On Thursday, 30 January, 2020 12:20, Simon Slavin <[hidden email]> wrote:

>I would appreciate your help.  Reading a technical article today, I came
>across a casual reference to "Standard SQL" as if it was a well-known
>thing.  This worried me since I've never heard the term and I'm meant to
>know about such things.

I would say that "Standard SQL" is that variant of SQL is that "minimal common subset" dialect of SQL that is understood by every single implementation claiming to be "SQL compliant" that has ever existed until the present.  In other words, it is the dialect of SQL that will be understood by *any* software claiming to be "SQL compliant".

>It doesn't seem to refer to the official standard for SQL, which is huge
>and contains a plethora of features implemented once or never.  The
>author seemed to think it was a sort of 'core SQL' – features identically
>implemented by all, or most, of the well-known SQL engines.

There is a core SQL.  It is not defined.  Most SQL (particularly DDL) is "implementation specific".  About the only things that comprise "standard SQL" are the DML constructs:

INSERT INTO <table> (<column list>) VALUES (<value list>);
SELECT <column list> FROM <table list> [WHERE <condition>] [GROUP BY <column list> [HAVING <having list>]] [ORDER BY <ordering list>]
DELETE FROM <table> [WHERE <condition>]
UPDATE <table> SET <column> = <value>[, <column> = <value>]... [WHERE <condition>]

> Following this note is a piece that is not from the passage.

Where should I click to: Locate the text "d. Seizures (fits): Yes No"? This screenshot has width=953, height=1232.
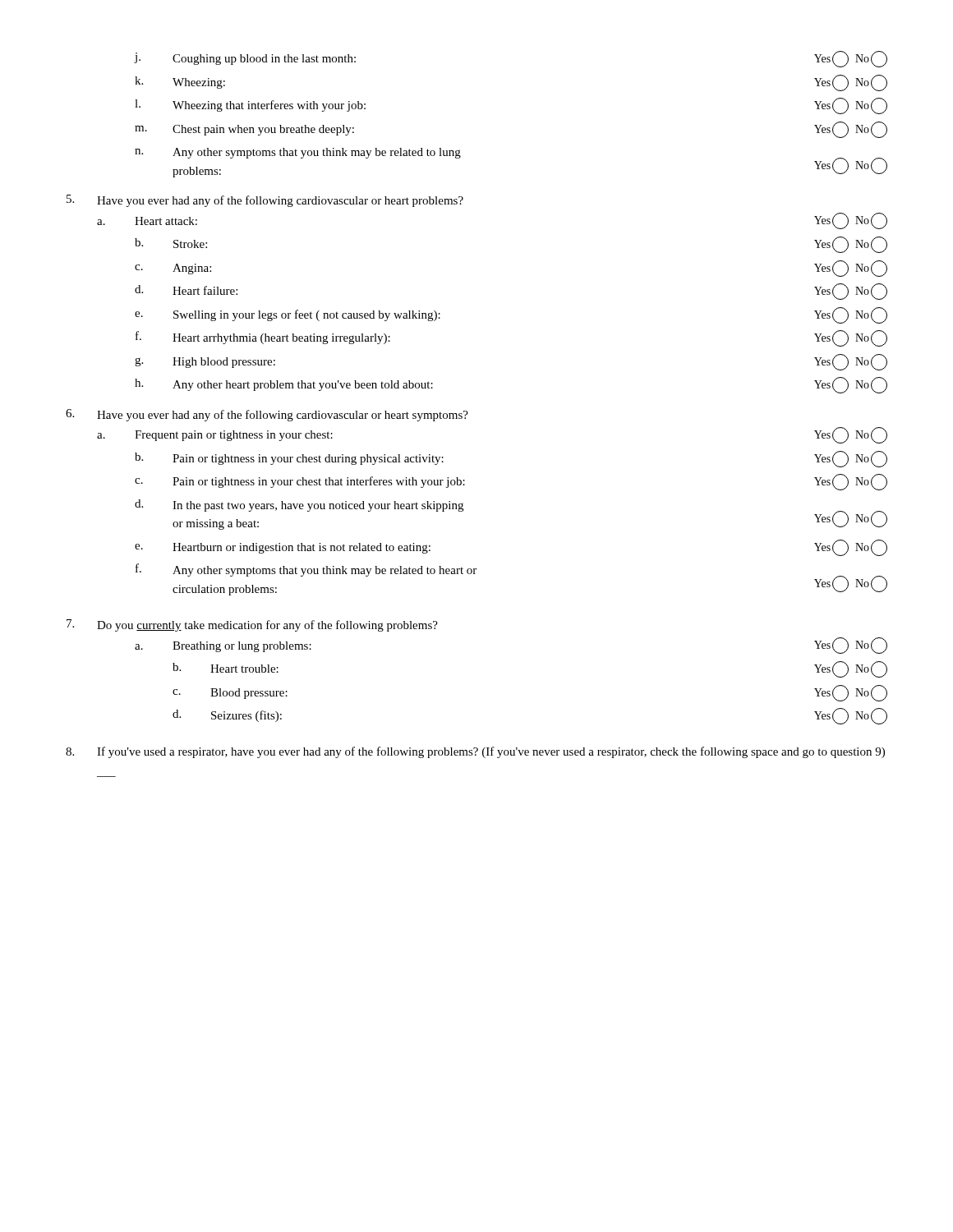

>The one possibility I can think of is SQL:1999.  This is the first
>version which has features marked as 'mandatory' or 'optional'.  A full
>implementation of all mandatory features could, I suppose, be called
>"Standard SQL", but I've never heard of that term being used for that.

This is very Johnny-lately.  I think the first standard was SQL-85 but even that was chock full of vendor implementation specifics and light on being "standard".  Subsequent versions of the SQL Standard committee output simply became more a practice in documenting vendor implementation specifics rather than defining a standard.  Most standards suffer from this problem.

>Have any of you been using this term for a meaning other than "Fully
>conforming to SQL:2019 (or whatever version you think current) ?  Do you
>have documentation somewhere ?  Or are my suspicions correct and there's
>no such thing ?

Yes. "standard SQL" is that subset of SQL that is understood by every implemetation ever without making changes.  It is a very small subset of the language.  Any "standard SQL" statement will operate the same way on every "SQL compliant" bit of software that ever existed or will exist in the future.

No.  It comes from experience using more than one SQL language implementation.

No.  THere is most assuredly a "standard SQL" that is understood by every implemetation of SQL that ever existed or even will exist.  That it is not documented is entirely beside the point.

--
The fact that there's a Highway to Hell but only a Stairway to Heaven says a lot about anticipated traffic volume.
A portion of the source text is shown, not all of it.